#### EXERCISE DATA ####
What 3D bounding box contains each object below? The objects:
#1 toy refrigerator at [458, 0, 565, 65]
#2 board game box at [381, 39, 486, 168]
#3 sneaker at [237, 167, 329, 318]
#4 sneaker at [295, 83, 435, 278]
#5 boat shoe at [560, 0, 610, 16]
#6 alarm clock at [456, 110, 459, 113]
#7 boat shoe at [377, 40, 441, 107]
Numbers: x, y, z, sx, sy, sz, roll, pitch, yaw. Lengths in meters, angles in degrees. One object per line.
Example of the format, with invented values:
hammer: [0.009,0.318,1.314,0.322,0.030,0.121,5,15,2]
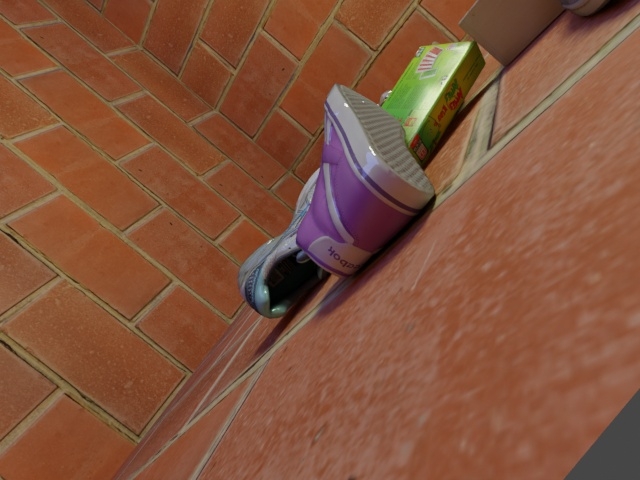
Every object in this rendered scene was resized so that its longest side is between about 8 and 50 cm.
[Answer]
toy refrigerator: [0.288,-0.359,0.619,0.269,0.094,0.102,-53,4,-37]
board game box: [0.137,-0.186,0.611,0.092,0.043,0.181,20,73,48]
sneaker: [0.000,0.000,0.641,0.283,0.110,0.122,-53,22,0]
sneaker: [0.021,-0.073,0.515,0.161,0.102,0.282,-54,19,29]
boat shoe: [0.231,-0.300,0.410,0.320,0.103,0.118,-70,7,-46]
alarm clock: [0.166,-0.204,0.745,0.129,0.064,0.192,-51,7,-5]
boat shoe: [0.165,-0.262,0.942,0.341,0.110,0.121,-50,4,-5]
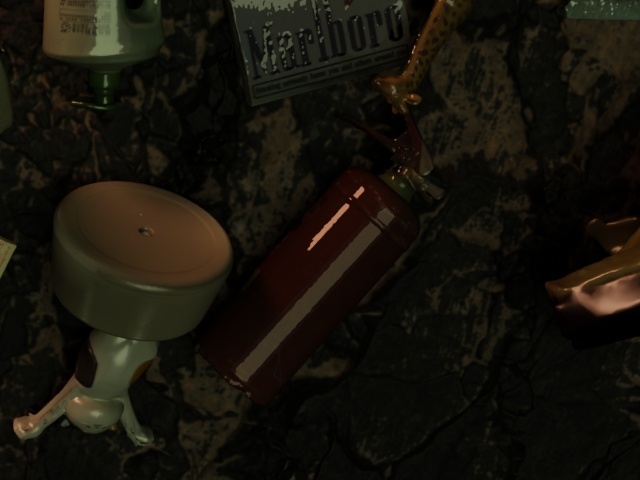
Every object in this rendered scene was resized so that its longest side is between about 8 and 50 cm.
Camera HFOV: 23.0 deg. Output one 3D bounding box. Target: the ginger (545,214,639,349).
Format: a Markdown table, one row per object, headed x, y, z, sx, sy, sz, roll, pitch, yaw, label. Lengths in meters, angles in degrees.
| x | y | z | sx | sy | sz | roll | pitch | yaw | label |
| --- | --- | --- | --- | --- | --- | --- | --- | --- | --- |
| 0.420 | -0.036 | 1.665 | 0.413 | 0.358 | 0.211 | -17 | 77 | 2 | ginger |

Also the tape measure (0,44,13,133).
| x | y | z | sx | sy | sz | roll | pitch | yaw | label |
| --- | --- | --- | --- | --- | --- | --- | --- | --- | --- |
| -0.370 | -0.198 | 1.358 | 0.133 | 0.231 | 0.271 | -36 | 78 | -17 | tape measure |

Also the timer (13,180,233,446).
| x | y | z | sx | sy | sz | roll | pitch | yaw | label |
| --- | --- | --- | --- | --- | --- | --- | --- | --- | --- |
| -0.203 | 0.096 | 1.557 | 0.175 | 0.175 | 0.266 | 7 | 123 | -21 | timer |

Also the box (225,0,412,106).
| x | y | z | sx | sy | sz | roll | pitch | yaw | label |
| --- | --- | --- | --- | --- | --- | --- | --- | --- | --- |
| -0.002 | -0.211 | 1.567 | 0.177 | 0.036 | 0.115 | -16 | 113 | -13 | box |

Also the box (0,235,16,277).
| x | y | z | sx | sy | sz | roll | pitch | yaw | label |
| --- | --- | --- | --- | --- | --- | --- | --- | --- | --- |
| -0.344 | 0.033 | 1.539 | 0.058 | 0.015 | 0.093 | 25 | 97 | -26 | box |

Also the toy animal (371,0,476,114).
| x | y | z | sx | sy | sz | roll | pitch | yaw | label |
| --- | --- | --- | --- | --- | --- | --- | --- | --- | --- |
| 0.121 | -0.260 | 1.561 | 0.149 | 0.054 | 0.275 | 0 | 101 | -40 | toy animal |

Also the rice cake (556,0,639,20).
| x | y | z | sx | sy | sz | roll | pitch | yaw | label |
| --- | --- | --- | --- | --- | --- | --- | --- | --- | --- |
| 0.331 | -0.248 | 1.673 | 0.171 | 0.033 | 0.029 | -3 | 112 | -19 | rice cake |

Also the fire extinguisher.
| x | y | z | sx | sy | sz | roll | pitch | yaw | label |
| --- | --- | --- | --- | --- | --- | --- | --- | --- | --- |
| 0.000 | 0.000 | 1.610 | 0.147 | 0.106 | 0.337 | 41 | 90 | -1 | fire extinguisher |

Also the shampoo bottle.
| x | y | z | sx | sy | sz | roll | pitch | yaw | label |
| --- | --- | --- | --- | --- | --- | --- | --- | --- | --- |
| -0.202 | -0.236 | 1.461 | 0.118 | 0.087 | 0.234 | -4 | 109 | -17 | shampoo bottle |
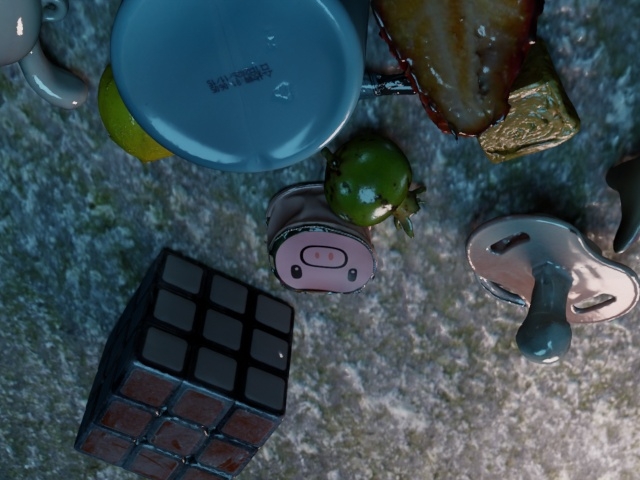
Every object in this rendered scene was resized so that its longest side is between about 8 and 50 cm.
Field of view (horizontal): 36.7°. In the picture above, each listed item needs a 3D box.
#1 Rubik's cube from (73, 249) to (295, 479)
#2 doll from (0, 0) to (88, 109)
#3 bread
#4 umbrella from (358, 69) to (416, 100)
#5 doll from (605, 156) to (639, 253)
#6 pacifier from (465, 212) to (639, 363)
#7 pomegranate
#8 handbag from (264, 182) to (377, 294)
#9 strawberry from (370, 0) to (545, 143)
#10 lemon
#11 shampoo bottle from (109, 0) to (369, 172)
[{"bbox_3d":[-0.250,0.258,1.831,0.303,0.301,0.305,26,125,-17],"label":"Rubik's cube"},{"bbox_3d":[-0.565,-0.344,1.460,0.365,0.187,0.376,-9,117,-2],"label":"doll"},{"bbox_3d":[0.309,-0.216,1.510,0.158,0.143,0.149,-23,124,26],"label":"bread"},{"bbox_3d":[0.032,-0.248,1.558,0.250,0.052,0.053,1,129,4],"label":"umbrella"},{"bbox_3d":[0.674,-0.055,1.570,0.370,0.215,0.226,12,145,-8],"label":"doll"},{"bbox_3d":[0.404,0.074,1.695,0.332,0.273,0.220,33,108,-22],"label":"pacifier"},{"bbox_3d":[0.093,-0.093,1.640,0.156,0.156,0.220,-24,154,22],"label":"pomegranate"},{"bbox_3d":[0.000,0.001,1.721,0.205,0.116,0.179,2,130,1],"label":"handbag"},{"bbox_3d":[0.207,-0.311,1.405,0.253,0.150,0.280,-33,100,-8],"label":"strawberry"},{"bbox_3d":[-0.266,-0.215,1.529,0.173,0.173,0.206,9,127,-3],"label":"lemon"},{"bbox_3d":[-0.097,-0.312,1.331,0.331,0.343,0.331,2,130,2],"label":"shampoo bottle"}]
####
#### EXERCISE DATA ####
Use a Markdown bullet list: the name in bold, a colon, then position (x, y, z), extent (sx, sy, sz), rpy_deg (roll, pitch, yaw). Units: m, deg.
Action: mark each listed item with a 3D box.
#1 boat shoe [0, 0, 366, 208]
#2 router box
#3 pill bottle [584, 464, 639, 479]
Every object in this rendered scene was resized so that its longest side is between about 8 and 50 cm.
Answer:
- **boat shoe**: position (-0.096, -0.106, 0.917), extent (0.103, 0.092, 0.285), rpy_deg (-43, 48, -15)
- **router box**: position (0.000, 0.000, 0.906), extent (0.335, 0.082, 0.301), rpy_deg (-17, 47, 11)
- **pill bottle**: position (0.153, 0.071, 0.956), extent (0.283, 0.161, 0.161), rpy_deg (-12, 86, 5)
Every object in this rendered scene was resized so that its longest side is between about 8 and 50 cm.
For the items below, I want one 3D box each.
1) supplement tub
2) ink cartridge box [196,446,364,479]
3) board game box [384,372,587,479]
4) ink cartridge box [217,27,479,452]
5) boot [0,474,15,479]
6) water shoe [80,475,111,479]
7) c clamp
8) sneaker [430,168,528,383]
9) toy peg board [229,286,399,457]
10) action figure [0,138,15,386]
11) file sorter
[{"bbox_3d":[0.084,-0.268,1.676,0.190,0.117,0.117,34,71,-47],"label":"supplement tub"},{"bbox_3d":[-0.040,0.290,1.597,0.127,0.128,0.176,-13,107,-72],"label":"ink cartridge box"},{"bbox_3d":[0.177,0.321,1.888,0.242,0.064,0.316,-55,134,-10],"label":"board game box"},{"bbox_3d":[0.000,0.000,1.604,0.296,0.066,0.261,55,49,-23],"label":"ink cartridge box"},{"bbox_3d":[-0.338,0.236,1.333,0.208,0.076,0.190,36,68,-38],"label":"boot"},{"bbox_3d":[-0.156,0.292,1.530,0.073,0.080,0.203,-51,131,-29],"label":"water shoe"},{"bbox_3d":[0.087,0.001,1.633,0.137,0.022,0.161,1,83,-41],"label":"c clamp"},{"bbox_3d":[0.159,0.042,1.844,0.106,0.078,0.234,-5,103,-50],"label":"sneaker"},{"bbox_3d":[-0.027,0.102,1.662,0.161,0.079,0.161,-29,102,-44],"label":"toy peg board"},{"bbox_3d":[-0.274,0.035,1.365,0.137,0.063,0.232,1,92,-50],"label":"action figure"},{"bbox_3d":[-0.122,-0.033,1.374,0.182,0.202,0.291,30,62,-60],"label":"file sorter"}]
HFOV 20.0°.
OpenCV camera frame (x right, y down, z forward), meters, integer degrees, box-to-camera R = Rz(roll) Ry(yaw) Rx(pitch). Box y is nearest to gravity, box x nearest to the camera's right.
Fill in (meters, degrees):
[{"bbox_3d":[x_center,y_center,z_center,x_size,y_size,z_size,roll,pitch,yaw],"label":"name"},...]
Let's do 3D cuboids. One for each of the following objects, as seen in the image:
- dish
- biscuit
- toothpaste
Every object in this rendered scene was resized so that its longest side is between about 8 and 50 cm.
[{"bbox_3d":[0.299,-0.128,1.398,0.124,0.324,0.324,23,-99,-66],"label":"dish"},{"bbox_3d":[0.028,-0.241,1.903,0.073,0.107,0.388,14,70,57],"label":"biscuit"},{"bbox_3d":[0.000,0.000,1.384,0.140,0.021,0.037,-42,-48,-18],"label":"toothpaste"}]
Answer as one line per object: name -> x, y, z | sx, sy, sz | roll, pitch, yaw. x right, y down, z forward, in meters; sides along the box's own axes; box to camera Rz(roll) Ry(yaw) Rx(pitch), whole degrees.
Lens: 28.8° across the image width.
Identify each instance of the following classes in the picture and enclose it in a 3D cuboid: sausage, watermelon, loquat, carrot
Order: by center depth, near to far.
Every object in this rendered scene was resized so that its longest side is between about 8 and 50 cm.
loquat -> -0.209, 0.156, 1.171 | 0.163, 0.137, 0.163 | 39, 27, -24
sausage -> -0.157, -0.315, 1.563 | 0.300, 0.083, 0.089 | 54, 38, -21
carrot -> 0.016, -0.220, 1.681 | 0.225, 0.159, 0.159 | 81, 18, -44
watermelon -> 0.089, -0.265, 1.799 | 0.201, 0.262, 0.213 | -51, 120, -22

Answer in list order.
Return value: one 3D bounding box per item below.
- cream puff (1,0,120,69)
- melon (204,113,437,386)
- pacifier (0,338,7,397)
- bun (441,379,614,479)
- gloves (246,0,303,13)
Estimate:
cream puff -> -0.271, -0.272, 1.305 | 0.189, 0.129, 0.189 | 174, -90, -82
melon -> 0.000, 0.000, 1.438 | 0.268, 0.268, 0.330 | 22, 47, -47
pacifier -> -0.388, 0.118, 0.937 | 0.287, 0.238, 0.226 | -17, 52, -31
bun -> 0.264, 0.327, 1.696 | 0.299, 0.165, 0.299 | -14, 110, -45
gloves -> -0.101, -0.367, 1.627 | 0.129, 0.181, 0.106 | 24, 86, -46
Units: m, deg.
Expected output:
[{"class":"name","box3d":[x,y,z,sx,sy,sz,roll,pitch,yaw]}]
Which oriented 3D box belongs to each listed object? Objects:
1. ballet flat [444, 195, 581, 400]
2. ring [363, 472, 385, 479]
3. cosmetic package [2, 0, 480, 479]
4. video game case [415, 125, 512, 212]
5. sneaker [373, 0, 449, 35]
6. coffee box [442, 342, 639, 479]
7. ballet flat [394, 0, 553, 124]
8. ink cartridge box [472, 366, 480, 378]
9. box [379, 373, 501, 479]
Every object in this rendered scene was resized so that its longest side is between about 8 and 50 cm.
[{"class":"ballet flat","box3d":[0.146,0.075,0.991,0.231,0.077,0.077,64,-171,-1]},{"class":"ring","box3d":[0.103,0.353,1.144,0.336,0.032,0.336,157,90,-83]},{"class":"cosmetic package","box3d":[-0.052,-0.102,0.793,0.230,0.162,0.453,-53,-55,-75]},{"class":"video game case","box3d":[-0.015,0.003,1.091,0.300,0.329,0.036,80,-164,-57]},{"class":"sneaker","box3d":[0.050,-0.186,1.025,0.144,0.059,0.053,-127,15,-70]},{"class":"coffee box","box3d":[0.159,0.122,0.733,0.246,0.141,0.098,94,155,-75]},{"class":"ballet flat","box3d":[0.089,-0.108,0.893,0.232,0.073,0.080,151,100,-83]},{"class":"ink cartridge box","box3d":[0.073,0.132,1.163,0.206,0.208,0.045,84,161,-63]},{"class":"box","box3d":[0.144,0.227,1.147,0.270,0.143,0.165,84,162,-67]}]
####
#### [THE PROBLEM]
Return solely the count of lines in the data above in which the word "Units" occurs.

#### [RESPONSE TO THE EXERCISE]
2